[Work task]:
Figure out the number of lines in the data that hold the string "like". Reply with that figure only.

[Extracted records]
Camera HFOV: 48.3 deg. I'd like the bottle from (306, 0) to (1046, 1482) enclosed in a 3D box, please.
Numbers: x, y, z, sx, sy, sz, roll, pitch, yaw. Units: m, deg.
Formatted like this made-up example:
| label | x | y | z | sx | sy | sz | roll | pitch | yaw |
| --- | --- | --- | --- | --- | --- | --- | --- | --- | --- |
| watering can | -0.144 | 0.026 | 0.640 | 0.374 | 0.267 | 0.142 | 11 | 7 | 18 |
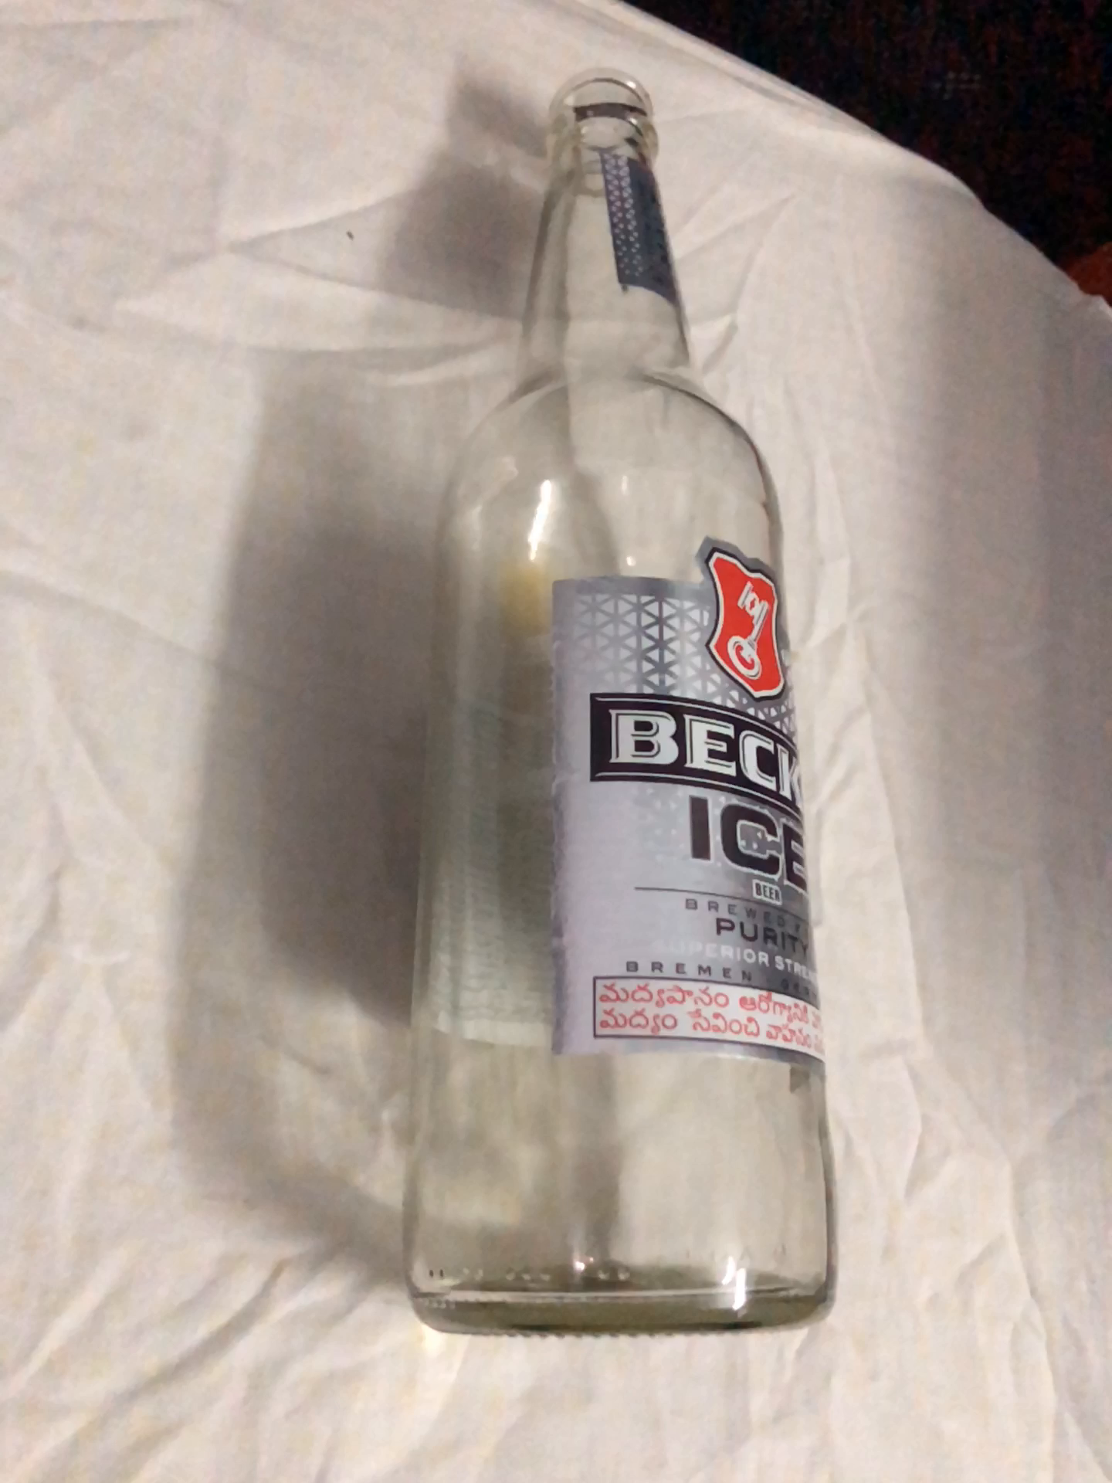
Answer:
| label | x | y | z | sx | sy | sz | roll | pitch | yaw |
| --- | --- | --- | --- | --- | --- | --- | --- | --- | --- |
| bottle | 0.018 | -0.035 | 0.225 | 0.080 | 0.080 | 0.280 | 10 | 72 | -24 |

[Answer section]:
2